TALIWANG — Pemerintah Kabupaten (Pemkab) Sumbawa Barat mulai mematangkan persiapan program bantuan pendidikan bagi putra-putri daerah. Sebanyak empat skema beasiswa telah diformulasikan untuk memfasilitasi mahasiswa asal Kabupaten Sumbawa Barat (KSB) yang akan menjalani perkuliahan pada tahun 2026.
Kebijakan strategis ini merupakan instruksi langsung Bupati Sumbawa Barat guna memastikan akses pendidikan tinggi yang lebih luas dan berkualitas. Dinas Pendidikan dan Kebudayaan (Dikbud) KSB mengonfirmasi bahwa seluruh regulasi dan teknis penyaluran sudah siap dioperasikan mulai tahun ini.
“Sesuai kebijakan Pak Bupati kami sudah memformulasi skema beasiswa tersebut dan siap dijalankan tahun ini,” kata Kepala Dinas Pendidikan dan Kebudayaan (Dikbud) KSB, Agus, S.Pd., MM., pekan kemarin.
Pemkab KSB melakukan terobosan dalam penyaluran bantuan pendidikan bagi keluarga tidak mampu dengan menghapus syarat administrasi konvensional. Skema kedua dari program ini menyasar mahasiswa aktif yang terdaftar dalam Data Terpadu Sosial Ekonomi Nasional (DTSEN) pada desil 1 hingga 5.
Langkah ini diambil untuk memastikan transparansi dan ketepatan sasaran bantuan. Mahasiswa tidak perlu lagi mengurus surat keterangan tidak mampu (SKTM) dari tingkat desa atau kelurahan, karena pemerintah akan merujuk langsung pada basis data nasional yang telah terverifikasi.
“Penyaluran tidak lagi pakai surat keterangan tidak mampu dari desa. Kita gunakan basis data resmi pemerintah agar lebih tepat sasaran,” tegas Agus.
Selain jalur afirmasi ekonomi, skema pertama tetap mempertahankan jalur prestasi. Beasiswa ini diberikan secara kompetitif kepada mahasiswa berdasarkan capaian Indeks Prestasi (IP) akademik selama masa perkuliahan.
Peluang masuk ke Perguruan Tinggi Negeri (PTN) kini terbuka lebih lebar melalui skema ketiga, yakni jalur kerja sama. Pemkab KSB telah menjalin kemitraan strategis dengan sejumlah kampus besar seperti UPN Veteran, Institut Teknologi Sepuluh Nopember (ITS), dan Universitas Airlangga (Unair).

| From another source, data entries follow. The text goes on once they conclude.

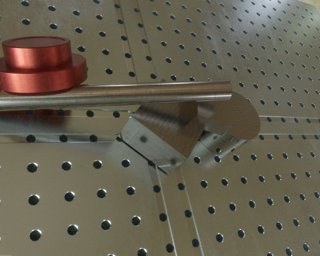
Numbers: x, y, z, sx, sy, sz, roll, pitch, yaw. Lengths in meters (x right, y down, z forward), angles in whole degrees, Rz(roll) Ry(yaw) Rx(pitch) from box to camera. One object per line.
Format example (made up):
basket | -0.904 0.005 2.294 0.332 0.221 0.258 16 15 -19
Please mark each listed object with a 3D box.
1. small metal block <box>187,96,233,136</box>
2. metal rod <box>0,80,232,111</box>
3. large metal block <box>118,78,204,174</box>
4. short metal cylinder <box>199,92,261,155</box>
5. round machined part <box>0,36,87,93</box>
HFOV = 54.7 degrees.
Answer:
small metal block | 0.063 -0.024 0.391 0.050 0.025 0.050 17 55 -19
metal rod | -0.067 -0.036 0.339 0.302 0.025 0.025 -4 62 -11
large metal block | 0.007 -0.003 0.396 0.080 0.050 0.080 38 51 -3
short metal cylinder | 0.097 -0.008 0.451 0.081 0.050 0.080 14 56 -21
round machined part | -0.131 -0.074 0.338 0.099 0.042 0.098 1 26 0
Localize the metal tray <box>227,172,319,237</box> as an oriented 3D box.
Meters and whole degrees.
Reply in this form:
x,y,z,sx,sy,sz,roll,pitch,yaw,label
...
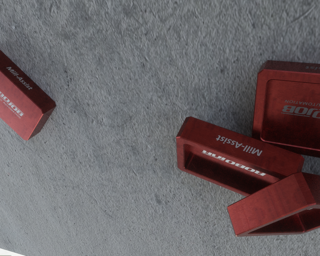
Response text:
x,y,z,sx,sy,sz,roll,pitch,yaw,label
0.147,0.084,0.324,0.131,0.030,0.090,13,140,-36,metal tray

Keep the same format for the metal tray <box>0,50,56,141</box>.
x,y,z,sx,sy,sz,roll,pitch,yaw,label
-0.238,-0.052,0.497,0.130,0.030,0.090,44,129,-3,metal tray

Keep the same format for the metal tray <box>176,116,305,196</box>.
x,y,z,sx,sy,sz,roll,pitch,yaw,label
0.085,0.041,0.360,0.130,0.030,0.090,20,153,16,metal tray

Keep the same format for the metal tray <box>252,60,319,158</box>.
x,y,z,sx,sy,sz,roll,pitch,yaw,label
0.163,-0.015,0.307,0.130,0.030,0.089,10,123,23,metal tray
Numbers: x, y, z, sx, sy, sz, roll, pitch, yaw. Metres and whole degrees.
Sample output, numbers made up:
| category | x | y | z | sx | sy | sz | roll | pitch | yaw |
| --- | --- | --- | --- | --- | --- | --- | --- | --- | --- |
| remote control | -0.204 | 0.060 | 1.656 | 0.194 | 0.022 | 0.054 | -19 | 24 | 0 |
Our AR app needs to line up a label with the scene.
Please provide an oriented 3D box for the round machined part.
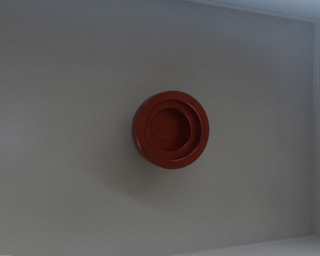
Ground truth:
| category | x | y | z | sx | sy | sz | roll | pitch | yaw |
| --- | --- | --- | --- | --- | --- | --- | --- | --- | --- |
| round machined part | 0.011 | 0.002 | 0.403 | 0.099 | 0.042 | 0.097 | 0 | 90 | -21 |
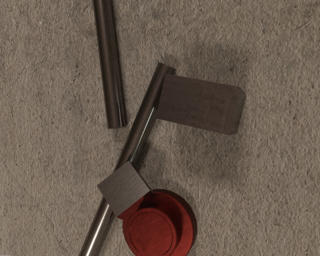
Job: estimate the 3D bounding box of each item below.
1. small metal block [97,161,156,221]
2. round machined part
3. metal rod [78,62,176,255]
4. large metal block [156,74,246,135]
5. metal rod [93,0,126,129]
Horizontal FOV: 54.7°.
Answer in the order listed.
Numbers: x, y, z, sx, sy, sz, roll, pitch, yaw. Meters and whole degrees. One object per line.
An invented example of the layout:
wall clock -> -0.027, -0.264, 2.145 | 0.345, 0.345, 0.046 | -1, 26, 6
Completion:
small metal block -> -0.042, 0.079, 0.389 | 0.050, 0.025, 0.050 | -38, 60, -4
round machined part -> -0.005, 0.132, 0.401 | 0.098, 0.042, 0.097 | 0, 90, 19
metal rod -> -0.048, 0.055, 0.424 | 0.025, 0.025, 0.298 | 26, 98, 18
large metal block -> 0.051, -0.026, 0.361 | 0.080, 0.080, 0.050 | 14, 95, 19
metal rod -> -0.078, -0.148, 0.435 | 0.025, 0.025, 0.298 | -8, 87, 19
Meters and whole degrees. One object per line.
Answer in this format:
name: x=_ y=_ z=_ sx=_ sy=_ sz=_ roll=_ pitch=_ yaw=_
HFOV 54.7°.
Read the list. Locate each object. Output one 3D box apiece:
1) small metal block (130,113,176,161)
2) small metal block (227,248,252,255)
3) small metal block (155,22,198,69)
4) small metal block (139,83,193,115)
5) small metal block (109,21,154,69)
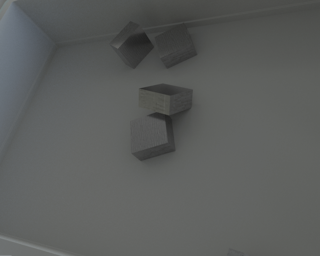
small metal block: x=-0.010 y=0.010 z=0.405 sx=0.050 sy=0.025 sz=0.050 roll=-18 pitch=55 yaw=18
small metal block: x=0.086 y=0.128 z=0.266 sx=0.050 sy=0.050 sz=0.025 roll=9 pitch=67 yaw=32
small metal block: x=0.024 y=-0.125 z=0.470 sx=0.050 sy=0.025 sz=0.050 roll=-23 pitch=53 yaw=14
small metal block: x=0.008 y=-0.039 z=0.408 sx=0.050 sy=0.050 sz=0.025 roll=17 pitch=114 yaw=35
small metal block: x=-0.044 y=-0.132 z=0.494 sx=0.050 sy=0.050 sz=0.025 roll=-49 pitch=51 yaw=-6
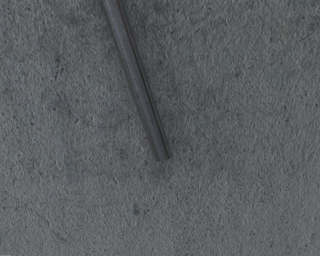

Melalui jalur mandiri kerja sama ini, calon mahasiswa asal KSB akan mendapatkan rekomendasi langsung dari Bupati. Keuntungannya, putra-putri daerah tidak perlu bersaing secara ketat di level nasional, melainkan melalui kuota khusus yang telah disediakan oleh pihak kampus.
“Untuk UPN Veteran, tersedia kuota khusus putra-putri KSB. Pendaftaran awal dilakukan di daerah, dan untuk syarat administrasi menyusul akan kami umumkan,” ujar Agus.
Skema keempat yang diprediksi menjadi yang paling bergengsi adalah jalur beasiswa kemitraan dengan PT AMMAN. Program ini merupakan bentuk kolaborasi antara pemerintah daerah dengan sektor swasta untuk mencetak sumber daya manusia unggul di bidang-bidang strategis.
Berbeda dengan jalur lainnya, seleksi beasiswa kemitraan ini dilakukan secara terbuka oleh perusahaan. Mahasiswa yang lolos seleksi akan mendapatkan pembiayaan penuh (full scholarship) untuk berkuliah di jajaran universitas terbaik Indonesia, mulai dari Universitas Indonesia (UI), Universitas Gadjah Mada (UGM), hingga Institut Teknologi Bandung (ITB).
“Mahasiswa yang lulus dibiayai penuh oleh perusahaan dengan kampus mitra,” pungkas Agus.
Program kemitraan ini difokuskan pada program studi keteknikan dan pariwisata guna mendukung industrialisasi serta potensi daerah di masa depan. Selain UI, UGM, dan ITB, kampus lain yang terlibat dalam konsorsium beasiswa PT AMMAN ini meliputi Institut Pertanian Bogor (IPB) dan Universitas Airlangga.
Pemerintah daerah mengimbau calon mahasiswa untuk segera mempersiapkan diri. Detail persyaratan teknis dan jadwal pendaftaran untuk masing-masing skema akan diumumkan secara resmi melalui kanal informasi Dinas Dikbud KSB dalam waktu dekat.